Output range, inclusive: from the line containing "Answer as a" to the line containing "Look at the". Restate those lines from the data below word for word and only those.

============================================================

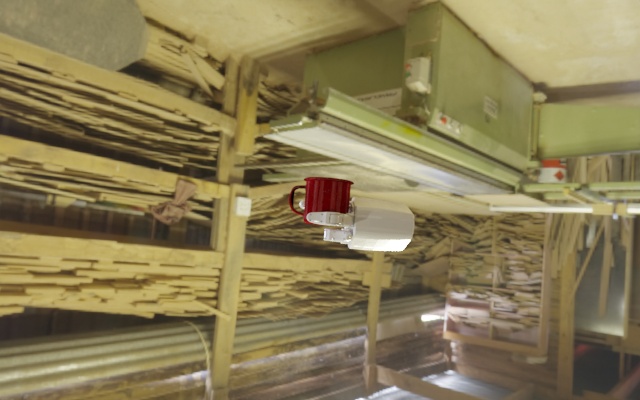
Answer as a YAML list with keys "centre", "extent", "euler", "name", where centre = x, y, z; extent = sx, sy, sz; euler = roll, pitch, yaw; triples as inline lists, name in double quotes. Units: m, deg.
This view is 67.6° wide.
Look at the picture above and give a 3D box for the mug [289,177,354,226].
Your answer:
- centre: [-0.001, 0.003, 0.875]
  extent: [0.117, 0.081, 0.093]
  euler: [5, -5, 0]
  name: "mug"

============================================================

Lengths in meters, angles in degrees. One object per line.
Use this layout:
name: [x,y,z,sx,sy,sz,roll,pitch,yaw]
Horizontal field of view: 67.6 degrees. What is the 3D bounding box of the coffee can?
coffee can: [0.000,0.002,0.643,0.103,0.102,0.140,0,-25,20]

============================================================

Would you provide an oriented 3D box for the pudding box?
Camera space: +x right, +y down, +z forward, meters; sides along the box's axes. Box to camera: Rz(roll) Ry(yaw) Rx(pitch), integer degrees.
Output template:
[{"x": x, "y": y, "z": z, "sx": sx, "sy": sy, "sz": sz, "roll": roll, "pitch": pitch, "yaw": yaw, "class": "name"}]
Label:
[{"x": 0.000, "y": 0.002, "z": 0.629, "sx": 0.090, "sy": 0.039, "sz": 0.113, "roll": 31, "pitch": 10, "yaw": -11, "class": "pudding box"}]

============================================================

» **FINAL ANSWER**
Answer as a YAML list with keys "centre", "extent", "euler", "name", where centre = x, y, z; extent = sx, sy, sz; euler = roll, pitch, yaw; triples as inline lists, name in double quotes. Units: m, deg.
This view is 67.6° wide.
Look at the picture above and give a 3D box for the mug [289,177,354,226].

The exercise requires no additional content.